When laboratory processes are subject to audits by the Environmental Protection Agency or the Food & Drug Administration, maintaining error-free and compliant records is crucial. Ledger LIMS, developed by Simplicis, assists lab managers in ensuring that electronic records and signatures adhere to US FDA 21 CFR Part 11 regulations. Simplicis offers continuous support, including system maintenance and integration services, enabling labs to scale operations without sacrificing data and sample integrity.

Understanding Out-of-Specification Results

The FDA provides extensive guidelines for investigating out-of-specification (OOS) results. Ledger LIMS enhances workflow transparency, helping lab personnel identify the causes of OOS errors more efficiently. Simplicis also aids in troubleshooting these errors by analyzing the interaction between components and software, and by checking for system or component malfunctions or degradation.

Supporting Future Efforts

With the pressure on labs to innovate and boost efficiency, there is a risk of overlooking problematic data in the rush to advance compounds through research phases. Ledger LIMS includes features such as access restriction to samples and data, and a reconciliation function to ensure results align with initial order instructions. These checks-and-balances help prevent operator errors.
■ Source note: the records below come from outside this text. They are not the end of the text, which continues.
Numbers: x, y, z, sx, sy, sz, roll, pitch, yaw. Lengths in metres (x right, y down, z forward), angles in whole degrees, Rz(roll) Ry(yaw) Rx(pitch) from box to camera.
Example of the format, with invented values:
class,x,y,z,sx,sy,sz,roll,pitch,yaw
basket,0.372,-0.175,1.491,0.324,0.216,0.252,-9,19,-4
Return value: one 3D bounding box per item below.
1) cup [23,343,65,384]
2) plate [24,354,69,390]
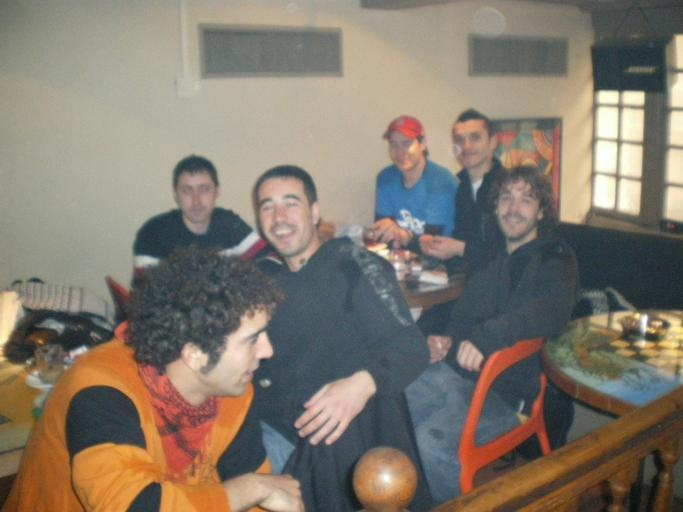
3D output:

Ledger LIMS offers a comprehensive suite of controls and analytics to enhance data governance and monitor processes for compliance deficiencies. Simplicis provides solutions that enable labs to scale effectively, supporting long-term goals and ensuring robust process compliance.

According to a study by Tufts, seven out of eight compounds that reach clinical testing will fail, highlighting the importance of rigorous data management and compliance.